Note: Please enter your own tenant name in the Display Name field.

 

  1. ADFS uses the SSL certificate for security. Wasp does not support additional encryption certificates beyond SSL at this time. Click on the Next button.

  1. Every Wasp tenant with the Active Directory feature supports WS-Federation Passive Protocol. The trailing slash is important. Enter your host URL https://cdc.waspassetcloud.com/. Click on the Next button.

Note: Please enter your own host URL with a trailing slash.
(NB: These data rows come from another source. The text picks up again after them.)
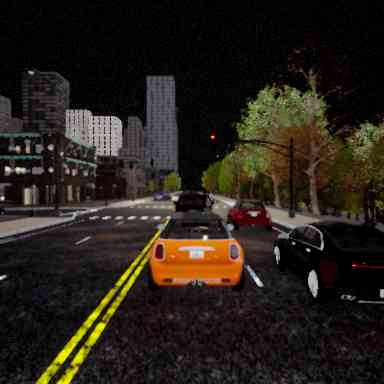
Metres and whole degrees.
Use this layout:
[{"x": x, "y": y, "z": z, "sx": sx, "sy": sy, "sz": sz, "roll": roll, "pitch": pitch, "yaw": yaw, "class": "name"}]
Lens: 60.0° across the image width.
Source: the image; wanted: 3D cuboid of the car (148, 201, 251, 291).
[{"x": 0.100, "y": 1.303, "z": 9.019, "sx": 2.097, "sy": 1.767, "sz": 4.553, "roll": 0, "pitch": 0, "yaw": 0, "class": "car"}]

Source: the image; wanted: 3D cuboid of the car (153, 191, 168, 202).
[{"x": -6.503, "y": 0.851, "z": 67.698, "sx": 2.150, "sy": 2.045, "sz": 5.566, "roll": 0, "pitch": 1, "yaw": 0, "class": "car"}]

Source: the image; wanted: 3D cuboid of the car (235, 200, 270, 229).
[{"x": 3.350, "y": 1.244, "z": 20.117, "sx": 2.097, "sy": 1.767, "sz": 4.553, "roll": 0, "pitch": 0, "yaw": 0, "class": "car"}]

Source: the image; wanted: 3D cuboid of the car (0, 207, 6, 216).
[{"x": -19.954, "y": 1.649, "z": 31.359, "sx": 4.313, "sy": 1.339, "sz": 1.947, "roll": -1, "pitch": 2, "yaw": 0, "class": "car"}]

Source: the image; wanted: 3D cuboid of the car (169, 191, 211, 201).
[{"x": 0.101, "y": 1.121, "z": 18.784, "sx": 2.150, "sy": 2.045, "sz": 5.566, "roll": 0, "pitch": 0, "yaw": 0, "class": "car"}]

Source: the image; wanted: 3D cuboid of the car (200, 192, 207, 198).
[{"x": 3.249, "y": 0.849, "z": 92.209, "sx": 1.812, "sy": 1.442, "sz": 4.674, "roll": 0, "pitch": 0, "yaw": 0, "class": "car"}]

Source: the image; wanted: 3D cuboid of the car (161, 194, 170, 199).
[{"x": -6.499, "y": 1.132, "z": 83.198, "sx": 1.895, "sy": 1.301, "sz": 4.718, "roll": 0, "pitch": 0, "yaw": 0, "class": "car"}]

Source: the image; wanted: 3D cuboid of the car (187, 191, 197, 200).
[{"x": -0.001, "y": 0.768, "z": 81.820, "sx": 2.150, "sy": 2.045, "sz": 5.566, "roll": 0, "pitch": 0, "yaw": 0, "class": "car"}]

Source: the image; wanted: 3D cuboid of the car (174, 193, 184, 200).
[{"x": -3.249, "y": 1.062, "z": 83.228, "sx": 2.128, "sy": 1.511, "sz": 4.902, "roll": 0, "pitch": 0, "yaw": 0, "class": "car"}]

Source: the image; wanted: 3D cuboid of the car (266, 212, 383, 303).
[{"x": 3.350, "y": 1.462, "z": 8.074, "sx": 1.837, "sy": 1.490, "sz": 4.892, "roll": 0, "pitch": 0, "yaw": 0, "class": "car"}]

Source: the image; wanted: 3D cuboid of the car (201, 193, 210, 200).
[{"x": 3.249, "y": 1.083, "z": 81.792, "sx": 2.033, "sy": 1.411, "sz": 5.357, "roll": 0, "pitch": 0, "yaw": 0, "class": "car"}]

  1. Your tenants URL, with trailing slash is the only Relying Party trust identifier we need. Click on the Next button.

  1. Specify your internal user access control as you see fit, then click Next.

  1. We have already specified everything we need for the trust itself. Click on the Next button.

  1. We need to specify the claims returned during authentication. Click on the Configure claims issuance policy for this application checkbox.

  1. Click on Edit Claim Issuance Policy to Add the Rule for issuing claims.

  1. Accept Send LDAP Attributes as Claims, Hit on Next button.

  1. Specify the claims as shown below, then click the Finish button.

  1. User Account Requirements
  1. If, you experience unexpected errors after configuring your ADFS server in the Wasp Settings (SSO) ,information about most errors can be found in the event log of the server hosting ADFS.